حَدَّثَنَا حَيْوَةُ بْنُ شُرَيْحٍ حَدَّثَنَا بَقِيَّةُ حَدَّثَنَا بَحِيرُ بْنُ سَعْدٍ عَنْ خَالِدِ بْنِ مَعْدَانَ عَنْ كَثِيرِ بْنِ مُرَّةَ عَنْ عَمْرِو بْنِ عَبَسَةَ أَنَّهُ حَدَّثَهُمْ أَنَّ رَسُولَ اللَّهِ صَلَّى اللَّهُ عَلَيْهِ وَسَلَّمَ قَالَ مَنْ بَنَى لِلَّهِ مَسْجِدًا لِيُذْكَرَ اللَّهُ عَزَّ وَجَلَّ فِيهِ بَنَى اللَّهُ لَهُ بَيْتًا فِي الْجَنَّةِ وَمَنْ أَعْتَقَ نَفْسًا مُسْلِمَةً كَانَتْ فِدْيَتَهُ مِنْ جَهَنَّمَ وَمَنْ شَابَ شَيْبَةً فِي سَبِيلِ اللَّهِ عَزَّ وَجَلَّ كَانَتْ لَهُ نُورًا يَوْمَ الْقِيَامَةِ

Barangsiapa yg membangun Masjid karena Allah, dgn tujuan agar Allah senantiasa disebut nama-Nya, maka Allah akan membangunkan baginya rumah di surga. Dan barangsiapa yg memerdekakan satu orang budak wanita muslimah, maka wanita itu akan menjadi tebusannya dari api neraka. Dan siapa yg sehelai rambutnya beruban di jalan Allah 'azza wajalla, maka sehelai rambut itu akan menjadi cahaya baginya kelak pada hari kiamat. [HR. Ahmad No.18623].

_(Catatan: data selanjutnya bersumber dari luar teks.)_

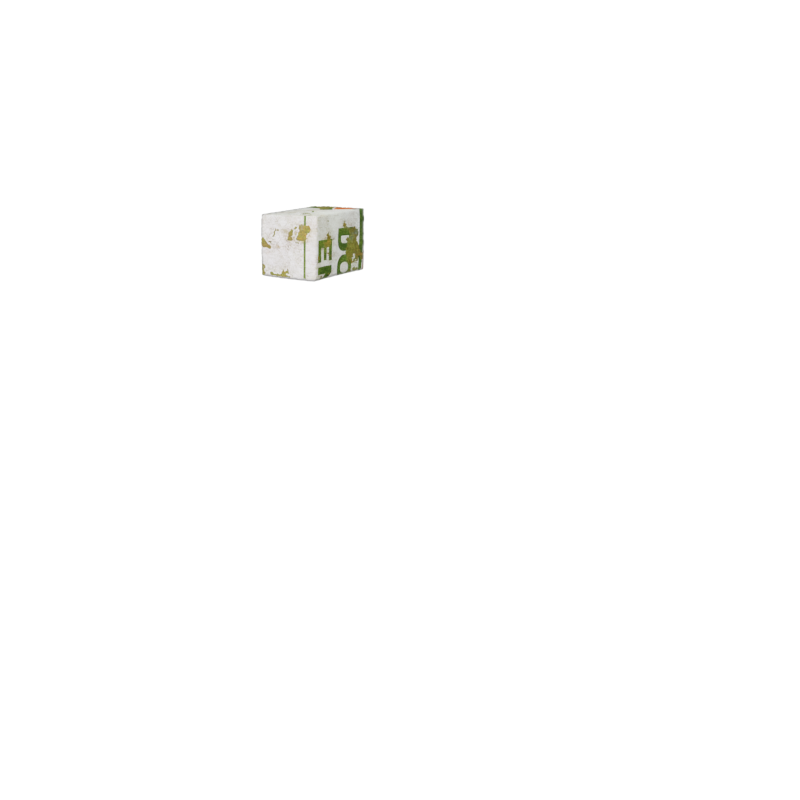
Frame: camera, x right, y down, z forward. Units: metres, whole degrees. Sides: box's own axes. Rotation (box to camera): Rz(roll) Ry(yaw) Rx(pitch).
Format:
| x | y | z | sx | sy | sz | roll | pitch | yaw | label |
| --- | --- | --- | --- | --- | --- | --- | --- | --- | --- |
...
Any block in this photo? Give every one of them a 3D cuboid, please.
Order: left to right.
| x | y | z | sx | sy | sz | roll | pitch | yaw | label |
| --- | --- | --- | --- | --- | --- | --- | --- | --- | --- |
| -0.070 | -0.128 | 0.898 | 0.055 | 0.050 | 0.077 | 7 | 14 | 28 | block |
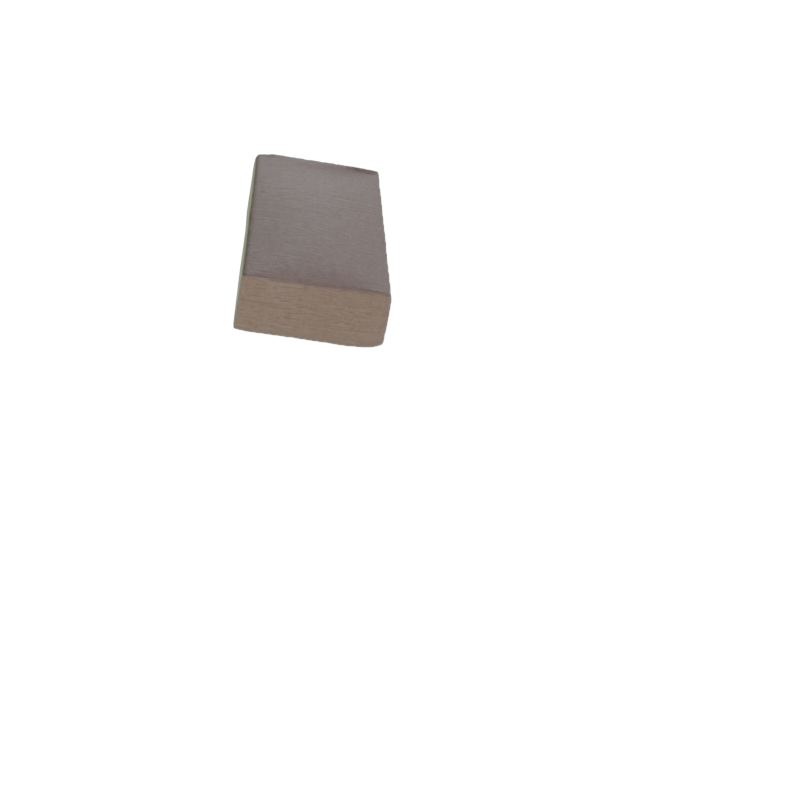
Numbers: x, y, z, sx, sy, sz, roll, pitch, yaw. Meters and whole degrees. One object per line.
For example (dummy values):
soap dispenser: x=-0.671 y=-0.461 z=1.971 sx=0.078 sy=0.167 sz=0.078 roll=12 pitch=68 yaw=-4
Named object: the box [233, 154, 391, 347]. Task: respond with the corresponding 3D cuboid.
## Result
box: x=-0.058 y=-0.105 z=0.736 sx=0.092 sy=0.045 sz=0.188 roll=7 pitch=36 yaw=-8
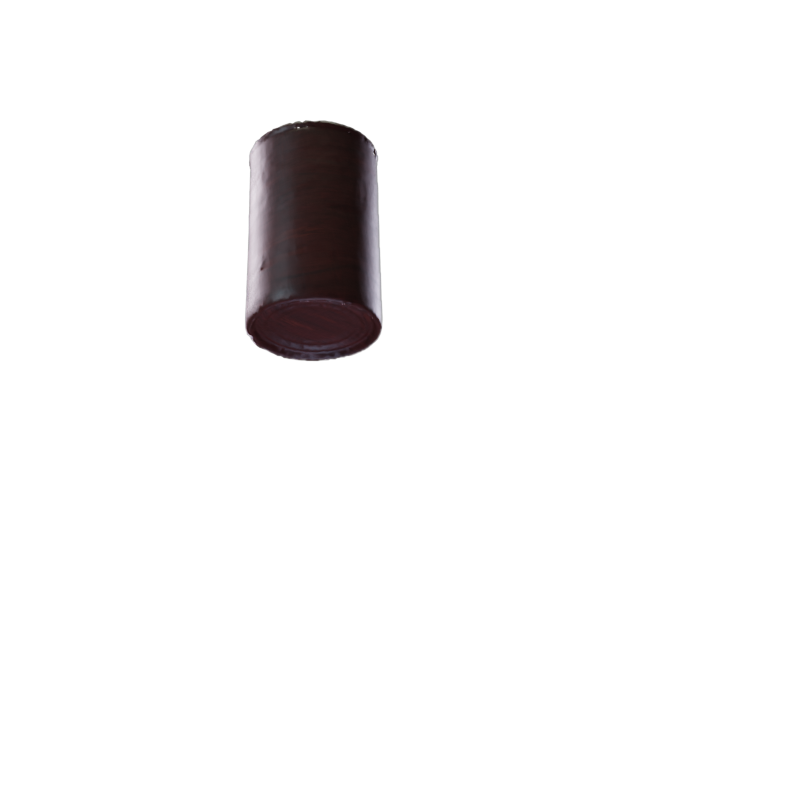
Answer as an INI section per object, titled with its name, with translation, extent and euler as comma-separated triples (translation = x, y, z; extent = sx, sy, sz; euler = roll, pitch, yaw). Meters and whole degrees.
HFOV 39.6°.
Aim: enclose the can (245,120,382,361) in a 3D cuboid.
[can]
translation = -0.044, -0.079, 0.556
extent = 0.068, 0.109, 0.064
euler = 0, -29, -2
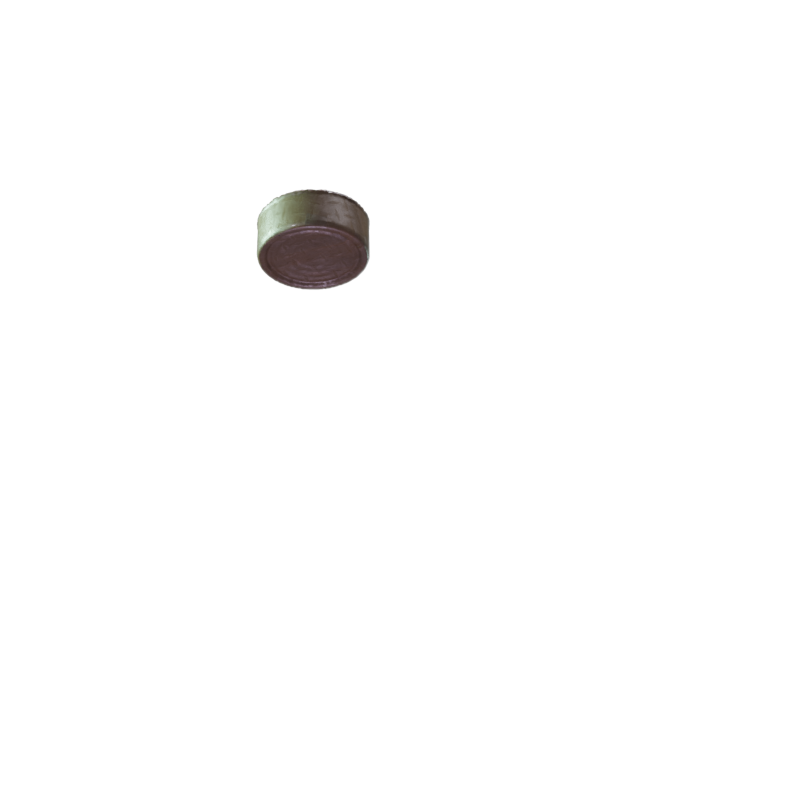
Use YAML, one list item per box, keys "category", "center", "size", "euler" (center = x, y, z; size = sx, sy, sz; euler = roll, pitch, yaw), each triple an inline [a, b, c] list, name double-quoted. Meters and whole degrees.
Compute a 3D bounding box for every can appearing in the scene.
- category: "can"
  center: [-0.065, -0.119, 0.835]
  size: [0.086, 0.036, 0.080]
  euler: [1, -31, -2]
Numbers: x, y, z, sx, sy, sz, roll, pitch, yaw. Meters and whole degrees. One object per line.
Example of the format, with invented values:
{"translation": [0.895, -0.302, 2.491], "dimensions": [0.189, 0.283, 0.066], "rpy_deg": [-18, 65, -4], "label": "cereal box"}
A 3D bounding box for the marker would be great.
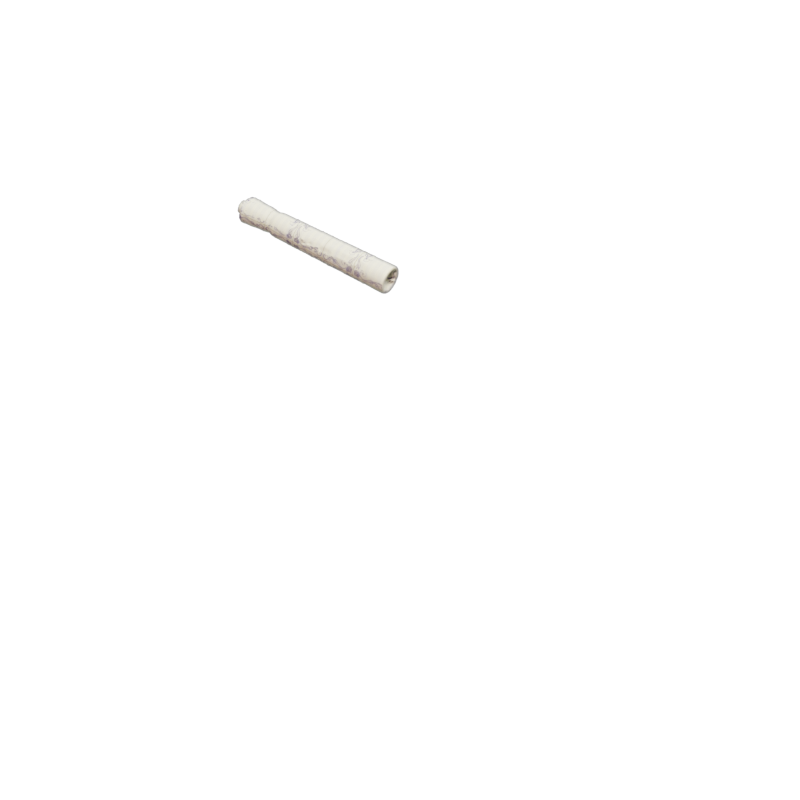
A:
{"translation": [-0.056, -0.101, 0.709], "dimensions": [0.128, 0.019, 0.019], "rpy_deg": [29, 17, 27], "label": "marker"}
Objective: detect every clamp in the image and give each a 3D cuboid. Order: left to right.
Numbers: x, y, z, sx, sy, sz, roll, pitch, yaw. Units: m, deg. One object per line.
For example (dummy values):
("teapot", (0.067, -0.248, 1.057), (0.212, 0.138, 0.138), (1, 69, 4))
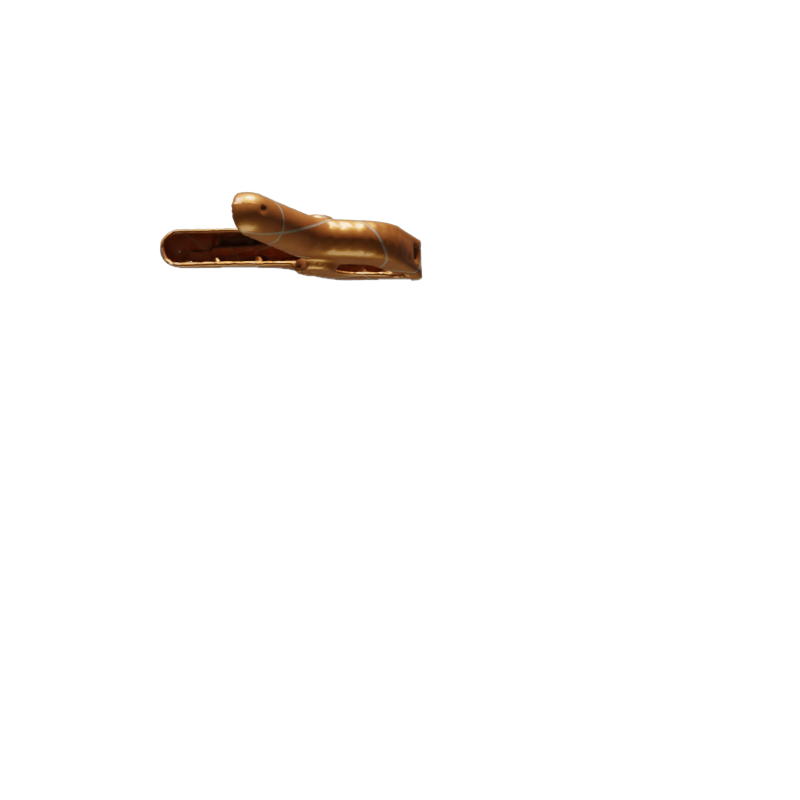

Hadits Ahmad No.18623 Secara Lengkap

[[[Telah menceritakan kepada kami [Haiwah bin Syuraih] Telah menceritakan kepada kami [Baqiyyah] Telah menceritakan kepada kami [Bahirah bin Sa'd] dari [Khalid bin Ma'dan] dari [Katsir bin Murrah] dari [Amru bin 'Abasah] bahwa ia telah menceritakan kepada mereka, bahwa Rasulullah shallallahu 'alaihi wasallam bersabda: "Barangsiapa yang membangun Masjid karena Allah, dengan tujuan agar Allah senantiasa disebut nama-Nya, maka Allah akan membangunkan baginya rumah di surga. Dan barangsiapa yang memerdekakan satu orang budak wanita muslimah, maka wanita itu akan menjadi tebusannya dari api neraka. Dan siapa yang sehelai rambutnya beruban di jalan Allah 'azza wajalla, maka sehelai rambut itu akan menjadi cahaya baginya kelak pada hari kiamat."]]]

Hadits Ahmad 18624

حَدَّثَنَا أَبُو الْمُغِيرَةِ قَالَ ثَنَا حَرِيزٌ حَدَّثَنَا سُلَيْمُ بْنُ عَامِرٍ حَدِيثَ شُرَحْبِيلَ بْنِ السِّمْطِ حِينَ قَالَ لِعَمْرِو بْنِ عَبَسَةَ حَدِّثْنَا حَدِيثًا لَيْسَ فِيهِ تَزَيُّدٌ وَلَا نُقْصَانٌ فَقَالَ عَمْرٌو سَمِعْتُ رَسُولَ اللَّهِ صَلَّى اللَّهُ عَلَيْهِ وَسَلَّمَ يَقُولُ مَنْ أَعْتَقَ رَقَبَةً مُسْلِمَةً كَانَتْ فِكَاكَهُ مِنْ النَّارِ عُضْوًا بِعُضْوٍ

Barangsiapa yg memerdekakan satu orang budak wanita muslimah, maka setiap dari anggota tubuh wanita itu akan menjadi tebusannya dari api neraka. [HR. Ahmad No.18624].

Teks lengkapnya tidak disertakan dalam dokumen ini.